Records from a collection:
____

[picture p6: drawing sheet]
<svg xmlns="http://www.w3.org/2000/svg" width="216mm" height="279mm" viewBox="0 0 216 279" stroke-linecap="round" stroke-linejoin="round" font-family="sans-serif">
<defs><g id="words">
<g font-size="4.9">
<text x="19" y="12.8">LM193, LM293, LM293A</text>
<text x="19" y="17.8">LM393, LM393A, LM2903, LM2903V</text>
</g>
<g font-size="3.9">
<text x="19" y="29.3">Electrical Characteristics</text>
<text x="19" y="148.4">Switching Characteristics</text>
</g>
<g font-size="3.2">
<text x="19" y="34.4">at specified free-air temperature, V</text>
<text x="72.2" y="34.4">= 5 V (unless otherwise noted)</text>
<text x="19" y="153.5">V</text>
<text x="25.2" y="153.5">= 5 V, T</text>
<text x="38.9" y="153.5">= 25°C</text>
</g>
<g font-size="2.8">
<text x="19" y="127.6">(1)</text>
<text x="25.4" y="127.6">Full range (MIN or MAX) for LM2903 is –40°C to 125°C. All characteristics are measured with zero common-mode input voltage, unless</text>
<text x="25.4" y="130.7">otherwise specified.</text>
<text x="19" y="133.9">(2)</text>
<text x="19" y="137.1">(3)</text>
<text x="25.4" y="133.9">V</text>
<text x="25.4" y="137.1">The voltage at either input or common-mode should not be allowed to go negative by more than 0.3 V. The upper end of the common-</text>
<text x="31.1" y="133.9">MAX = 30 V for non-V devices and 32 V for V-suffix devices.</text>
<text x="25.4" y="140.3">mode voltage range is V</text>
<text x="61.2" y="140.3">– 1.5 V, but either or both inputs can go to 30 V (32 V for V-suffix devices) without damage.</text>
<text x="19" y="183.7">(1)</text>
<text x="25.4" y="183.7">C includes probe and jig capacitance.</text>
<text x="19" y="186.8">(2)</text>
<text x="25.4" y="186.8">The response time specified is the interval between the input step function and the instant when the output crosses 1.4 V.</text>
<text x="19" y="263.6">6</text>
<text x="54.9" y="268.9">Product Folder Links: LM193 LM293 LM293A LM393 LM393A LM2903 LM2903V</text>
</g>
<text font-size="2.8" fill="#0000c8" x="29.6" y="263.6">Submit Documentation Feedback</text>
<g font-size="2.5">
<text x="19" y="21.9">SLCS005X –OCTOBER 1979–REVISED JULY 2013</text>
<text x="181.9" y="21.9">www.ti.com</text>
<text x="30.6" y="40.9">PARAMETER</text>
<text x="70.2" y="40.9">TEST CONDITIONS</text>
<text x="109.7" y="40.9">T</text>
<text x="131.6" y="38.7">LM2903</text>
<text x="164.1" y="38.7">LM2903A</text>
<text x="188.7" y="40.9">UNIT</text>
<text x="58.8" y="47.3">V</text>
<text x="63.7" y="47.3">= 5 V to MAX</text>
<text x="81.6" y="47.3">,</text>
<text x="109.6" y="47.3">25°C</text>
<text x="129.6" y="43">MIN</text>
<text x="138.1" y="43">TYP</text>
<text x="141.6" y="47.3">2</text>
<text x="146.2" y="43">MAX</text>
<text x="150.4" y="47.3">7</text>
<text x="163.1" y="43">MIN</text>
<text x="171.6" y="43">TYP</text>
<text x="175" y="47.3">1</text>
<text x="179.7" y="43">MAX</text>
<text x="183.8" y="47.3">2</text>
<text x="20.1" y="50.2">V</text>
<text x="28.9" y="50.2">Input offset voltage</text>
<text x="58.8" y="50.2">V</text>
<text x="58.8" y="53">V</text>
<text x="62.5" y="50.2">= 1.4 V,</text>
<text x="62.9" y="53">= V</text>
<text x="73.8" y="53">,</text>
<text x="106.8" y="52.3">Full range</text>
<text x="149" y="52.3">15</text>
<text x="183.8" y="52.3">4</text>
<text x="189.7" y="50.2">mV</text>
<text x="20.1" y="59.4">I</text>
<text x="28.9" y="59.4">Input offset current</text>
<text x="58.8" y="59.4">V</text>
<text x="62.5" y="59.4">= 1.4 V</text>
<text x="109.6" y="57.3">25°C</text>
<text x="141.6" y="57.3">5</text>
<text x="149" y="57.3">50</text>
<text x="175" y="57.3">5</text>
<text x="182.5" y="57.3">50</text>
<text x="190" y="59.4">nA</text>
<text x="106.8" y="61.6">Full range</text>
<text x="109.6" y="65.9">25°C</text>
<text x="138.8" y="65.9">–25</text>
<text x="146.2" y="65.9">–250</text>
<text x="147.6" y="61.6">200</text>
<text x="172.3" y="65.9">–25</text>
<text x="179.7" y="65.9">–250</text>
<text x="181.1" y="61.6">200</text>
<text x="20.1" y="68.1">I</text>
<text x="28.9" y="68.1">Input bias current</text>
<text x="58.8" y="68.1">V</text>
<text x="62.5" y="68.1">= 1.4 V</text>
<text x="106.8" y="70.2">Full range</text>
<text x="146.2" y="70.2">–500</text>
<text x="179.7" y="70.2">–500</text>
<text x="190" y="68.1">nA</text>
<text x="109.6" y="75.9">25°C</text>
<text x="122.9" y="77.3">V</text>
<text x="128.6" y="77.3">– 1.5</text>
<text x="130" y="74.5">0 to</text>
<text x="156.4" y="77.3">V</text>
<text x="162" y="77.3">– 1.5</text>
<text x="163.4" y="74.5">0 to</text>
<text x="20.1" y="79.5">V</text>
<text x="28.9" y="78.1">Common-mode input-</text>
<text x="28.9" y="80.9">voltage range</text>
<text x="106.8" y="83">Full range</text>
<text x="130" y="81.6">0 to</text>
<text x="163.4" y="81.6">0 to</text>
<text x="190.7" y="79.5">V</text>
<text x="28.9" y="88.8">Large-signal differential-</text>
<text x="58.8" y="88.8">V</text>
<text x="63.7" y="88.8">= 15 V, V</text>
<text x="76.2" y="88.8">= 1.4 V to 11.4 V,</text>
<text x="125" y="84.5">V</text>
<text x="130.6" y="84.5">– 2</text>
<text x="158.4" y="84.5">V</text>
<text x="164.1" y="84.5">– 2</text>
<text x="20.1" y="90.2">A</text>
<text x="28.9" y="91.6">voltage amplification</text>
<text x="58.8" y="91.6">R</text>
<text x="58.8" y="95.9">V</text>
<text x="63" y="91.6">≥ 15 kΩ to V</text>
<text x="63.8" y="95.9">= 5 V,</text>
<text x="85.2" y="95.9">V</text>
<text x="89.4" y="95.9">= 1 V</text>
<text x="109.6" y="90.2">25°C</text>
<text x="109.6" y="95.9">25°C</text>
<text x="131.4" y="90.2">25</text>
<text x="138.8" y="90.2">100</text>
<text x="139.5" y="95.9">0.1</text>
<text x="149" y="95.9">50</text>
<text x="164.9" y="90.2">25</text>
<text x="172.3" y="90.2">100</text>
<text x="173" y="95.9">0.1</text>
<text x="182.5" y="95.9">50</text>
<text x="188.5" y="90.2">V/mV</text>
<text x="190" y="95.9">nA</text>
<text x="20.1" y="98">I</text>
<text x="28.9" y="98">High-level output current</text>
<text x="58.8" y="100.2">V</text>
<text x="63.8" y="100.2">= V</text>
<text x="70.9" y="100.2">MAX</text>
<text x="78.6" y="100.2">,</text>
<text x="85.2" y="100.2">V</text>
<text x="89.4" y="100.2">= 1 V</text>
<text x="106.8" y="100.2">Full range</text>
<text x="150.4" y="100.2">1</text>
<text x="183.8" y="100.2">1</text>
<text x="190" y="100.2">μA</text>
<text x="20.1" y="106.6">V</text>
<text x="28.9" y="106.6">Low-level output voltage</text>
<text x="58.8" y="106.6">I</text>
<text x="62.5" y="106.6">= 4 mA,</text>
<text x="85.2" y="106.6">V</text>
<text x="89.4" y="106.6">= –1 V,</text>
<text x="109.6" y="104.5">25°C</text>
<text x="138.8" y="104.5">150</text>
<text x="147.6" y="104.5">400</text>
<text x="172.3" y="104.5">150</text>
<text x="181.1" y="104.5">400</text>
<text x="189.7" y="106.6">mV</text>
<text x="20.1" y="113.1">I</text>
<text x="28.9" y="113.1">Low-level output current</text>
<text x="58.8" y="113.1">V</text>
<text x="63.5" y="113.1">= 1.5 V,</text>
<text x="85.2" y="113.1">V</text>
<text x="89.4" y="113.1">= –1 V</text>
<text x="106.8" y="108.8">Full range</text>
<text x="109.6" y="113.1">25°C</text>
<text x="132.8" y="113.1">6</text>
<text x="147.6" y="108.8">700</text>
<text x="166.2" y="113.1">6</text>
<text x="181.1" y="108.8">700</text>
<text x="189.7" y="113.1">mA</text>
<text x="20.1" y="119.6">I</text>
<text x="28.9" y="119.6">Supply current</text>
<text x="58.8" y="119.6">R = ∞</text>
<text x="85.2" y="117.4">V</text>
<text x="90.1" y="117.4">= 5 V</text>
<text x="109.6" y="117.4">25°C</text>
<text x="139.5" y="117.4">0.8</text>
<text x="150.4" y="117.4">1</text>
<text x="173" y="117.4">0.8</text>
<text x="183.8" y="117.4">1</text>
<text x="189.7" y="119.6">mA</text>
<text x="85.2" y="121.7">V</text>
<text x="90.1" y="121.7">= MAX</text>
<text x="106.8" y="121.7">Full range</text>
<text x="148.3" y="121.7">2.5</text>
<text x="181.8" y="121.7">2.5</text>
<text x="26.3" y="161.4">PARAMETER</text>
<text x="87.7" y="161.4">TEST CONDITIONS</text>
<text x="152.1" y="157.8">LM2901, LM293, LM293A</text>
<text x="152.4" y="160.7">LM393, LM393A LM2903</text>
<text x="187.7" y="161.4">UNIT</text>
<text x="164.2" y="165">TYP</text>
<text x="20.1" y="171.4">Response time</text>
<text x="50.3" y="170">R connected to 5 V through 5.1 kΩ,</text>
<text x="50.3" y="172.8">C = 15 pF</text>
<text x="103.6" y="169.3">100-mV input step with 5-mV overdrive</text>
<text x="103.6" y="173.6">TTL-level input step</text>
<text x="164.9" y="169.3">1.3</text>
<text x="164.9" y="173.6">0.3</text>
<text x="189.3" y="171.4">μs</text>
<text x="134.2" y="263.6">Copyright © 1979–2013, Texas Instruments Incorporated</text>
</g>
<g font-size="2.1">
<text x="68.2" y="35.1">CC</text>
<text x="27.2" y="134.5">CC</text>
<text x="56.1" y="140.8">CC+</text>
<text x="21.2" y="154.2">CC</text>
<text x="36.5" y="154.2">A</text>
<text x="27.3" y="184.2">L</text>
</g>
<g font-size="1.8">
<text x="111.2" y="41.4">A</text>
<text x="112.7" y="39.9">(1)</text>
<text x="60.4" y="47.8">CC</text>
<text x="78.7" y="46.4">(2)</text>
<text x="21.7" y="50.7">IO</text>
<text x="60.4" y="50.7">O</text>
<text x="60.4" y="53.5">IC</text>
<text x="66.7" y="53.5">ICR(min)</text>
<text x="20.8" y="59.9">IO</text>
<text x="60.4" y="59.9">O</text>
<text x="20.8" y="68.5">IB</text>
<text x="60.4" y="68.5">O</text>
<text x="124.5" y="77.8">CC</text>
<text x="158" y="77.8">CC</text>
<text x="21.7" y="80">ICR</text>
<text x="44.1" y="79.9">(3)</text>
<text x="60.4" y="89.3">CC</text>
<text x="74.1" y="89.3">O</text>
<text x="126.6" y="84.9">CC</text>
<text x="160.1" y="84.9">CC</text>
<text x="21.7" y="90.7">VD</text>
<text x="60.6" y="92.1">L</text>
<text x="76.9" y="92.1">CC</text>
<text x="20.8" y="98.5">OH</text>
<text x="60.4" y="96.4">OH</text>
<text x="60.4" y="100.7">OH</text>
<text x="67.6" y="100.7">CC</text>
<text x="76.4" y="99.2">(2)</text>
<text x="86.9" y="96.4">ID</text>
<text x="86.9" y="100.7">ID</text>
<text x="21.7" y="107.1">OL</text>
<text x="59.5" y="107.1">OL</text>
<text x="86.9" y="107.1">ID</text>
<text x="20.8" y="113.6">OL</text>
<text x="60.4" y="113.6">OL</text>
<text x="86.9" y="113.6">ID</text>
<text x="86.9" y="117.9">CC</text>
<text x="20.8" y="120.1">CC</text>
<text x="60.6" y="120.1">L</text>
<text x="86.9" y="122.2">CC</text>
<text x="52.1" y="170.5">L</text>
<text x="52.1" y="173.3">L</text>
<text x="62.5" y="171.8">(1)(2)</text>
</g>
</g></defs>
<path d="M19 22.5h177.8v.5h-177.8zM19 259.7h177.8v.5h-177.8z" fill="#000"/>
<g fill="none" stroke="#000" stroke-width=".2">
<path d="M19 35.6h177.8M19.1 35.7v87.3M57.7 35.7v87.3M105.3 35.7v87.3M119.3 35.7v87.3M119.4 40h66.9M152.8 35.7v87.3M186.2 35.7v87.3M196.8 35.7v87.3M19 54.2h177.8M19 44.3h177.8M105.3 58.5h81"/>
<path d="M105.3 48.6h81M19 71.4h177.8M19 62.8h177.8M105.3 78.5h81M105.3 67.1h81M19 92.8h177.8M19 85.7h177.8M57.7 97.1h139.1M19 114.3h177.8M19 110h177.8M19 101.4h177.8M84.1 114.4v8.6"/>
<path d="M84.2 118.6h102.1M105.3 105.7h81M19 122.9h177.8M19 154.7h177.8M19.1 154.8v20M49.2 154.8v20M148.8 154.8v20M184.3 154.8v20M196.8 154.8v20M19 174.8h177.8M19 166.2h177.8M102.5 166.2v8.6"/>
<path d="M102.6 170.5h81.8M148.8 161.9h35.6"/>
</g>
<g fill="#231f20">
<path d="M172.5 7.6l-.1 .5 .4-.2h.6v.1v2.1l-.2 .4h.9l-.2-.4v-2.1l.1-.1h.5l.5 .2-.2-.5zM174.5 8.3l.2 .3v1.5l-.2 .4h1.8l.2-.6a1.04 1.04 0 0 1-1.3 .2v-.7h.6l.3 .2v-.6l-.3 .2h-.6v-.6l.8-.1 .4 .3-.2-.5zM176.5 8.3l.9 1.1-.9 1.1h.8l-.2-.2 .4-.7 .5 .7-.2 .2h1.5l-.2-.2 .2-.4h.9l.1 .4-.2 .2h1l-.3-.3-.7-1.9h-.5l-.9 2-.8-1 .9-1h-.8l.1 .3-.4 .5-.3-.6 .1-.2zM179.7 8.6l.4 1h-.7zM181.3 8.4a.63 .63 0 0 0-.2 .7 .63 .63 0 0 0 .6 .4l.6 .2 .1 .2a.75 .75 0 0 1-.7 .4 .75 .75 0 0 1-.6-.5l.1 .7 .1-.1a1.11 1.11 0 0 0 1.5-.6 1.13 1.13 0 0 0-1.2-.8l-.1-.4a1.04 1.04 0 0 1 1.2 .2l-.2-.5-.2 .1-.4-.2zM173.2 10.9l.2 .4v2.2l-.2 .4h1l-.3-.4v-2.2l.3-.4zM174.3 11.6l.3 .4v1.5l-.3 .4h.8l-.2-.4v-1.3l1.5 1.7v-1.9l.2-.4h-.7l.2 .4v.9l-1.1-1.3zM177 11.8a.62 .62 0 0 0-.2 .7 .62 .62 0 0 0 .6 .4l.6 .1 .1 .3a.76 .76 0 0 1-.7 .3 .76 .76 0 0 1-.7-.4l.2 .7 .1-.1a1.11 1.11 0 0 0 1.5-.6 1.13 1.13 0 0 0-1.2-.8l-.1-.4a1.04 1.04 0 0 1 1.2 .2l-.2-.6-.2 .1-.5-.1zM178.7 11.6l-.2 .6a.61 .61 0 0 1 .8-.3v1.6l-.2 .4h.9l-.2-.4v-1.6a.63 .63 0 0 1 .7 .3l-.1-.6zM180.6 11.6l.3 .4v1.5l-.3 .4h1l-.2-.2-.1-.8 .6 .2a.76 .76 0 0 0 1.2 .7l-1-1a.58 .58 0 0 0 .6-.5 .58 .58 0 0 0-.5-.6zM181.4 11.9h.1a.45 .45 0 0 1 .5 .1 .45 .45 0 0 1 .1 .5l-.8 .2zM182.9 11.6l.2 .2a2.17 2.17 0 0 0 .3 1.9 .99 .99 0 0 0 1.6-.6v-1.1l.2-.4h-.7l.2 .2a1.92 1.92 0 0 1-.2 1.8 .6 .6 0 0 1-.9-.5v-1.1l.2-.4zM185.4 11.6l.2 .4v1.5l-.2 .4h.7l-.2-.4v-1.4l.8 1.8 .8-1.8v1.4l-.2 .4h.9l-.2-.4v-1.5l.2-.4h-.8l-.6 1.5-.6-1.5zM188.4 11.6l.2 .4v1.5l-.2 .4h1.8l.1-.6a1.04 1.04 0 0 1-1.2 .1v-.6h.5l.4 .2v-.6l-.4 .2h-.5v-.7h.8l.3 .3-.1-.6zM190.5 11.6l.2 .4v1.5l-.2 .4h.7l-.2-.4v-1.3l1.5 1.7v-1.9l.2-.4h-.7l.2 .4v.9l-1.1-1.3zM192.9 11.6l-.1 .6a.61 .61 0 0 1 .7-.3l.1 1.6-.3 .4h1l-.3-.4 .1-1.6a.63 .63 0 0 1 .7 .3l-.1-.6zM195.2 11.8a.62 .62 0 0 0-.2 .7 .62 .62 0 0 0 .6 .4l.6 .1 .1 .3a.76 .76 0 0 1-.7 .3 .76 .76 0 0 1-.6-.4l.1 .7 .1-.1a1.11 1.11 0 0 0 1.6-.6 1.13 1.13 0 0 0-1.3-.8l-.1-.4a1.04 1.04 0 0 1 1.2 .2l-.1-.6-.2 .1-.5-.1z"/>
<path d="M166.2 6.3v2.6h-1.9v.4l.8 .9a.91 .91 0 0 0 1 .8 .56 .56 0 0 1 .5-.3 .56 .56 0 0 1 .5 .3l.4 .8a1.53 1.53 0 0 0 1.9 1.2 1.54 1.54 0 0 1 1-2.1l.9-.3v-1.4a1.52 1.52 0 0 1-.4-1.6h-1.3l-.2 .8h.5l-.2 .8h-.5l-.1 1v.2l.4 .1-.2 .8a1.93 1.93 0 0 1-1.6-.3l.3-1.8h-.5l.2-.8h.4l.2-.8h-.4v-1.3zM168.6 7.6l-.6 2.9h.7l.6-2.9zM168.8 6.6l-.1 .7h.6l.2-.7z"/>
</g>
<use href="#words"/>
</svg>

____

• REQUIRED WORK
Up to and including the line with "(unless otherwise noted)</text>", repeat the data exactly, starting from its first line; nothing else belongs in the response.

• ANSWER TO THIS TASK
[picture p6: drawing sheet]
<svg xmlns="http://www.w3.org/2000/svg" width="216mm" height="279mm" viewBox="0 0 216 279" stroke-linecap="round" stroke-linejoin="round" font-family="sans-serif">
<defs><g id="words">
<g font-size="4.9">
<text x="19" y="12.8">LM193, LM293, LM293A</text>
<text x="19" y="17.8">LM393, LM393A, LM2903, LM2903V</text>
</g>
<g font-size="3.9">
<text x="19" y="29.3">Electrical Characteristics</text>
<text x="19" y="148.4">Switching Characteristics</text>
</g>
<g font-size="3.2">
<text x="19" y="34.4">at specified free-air temperature, V</text>
<text x="72.2" y="34.4">= 5 V (unless otherwise noted)</text>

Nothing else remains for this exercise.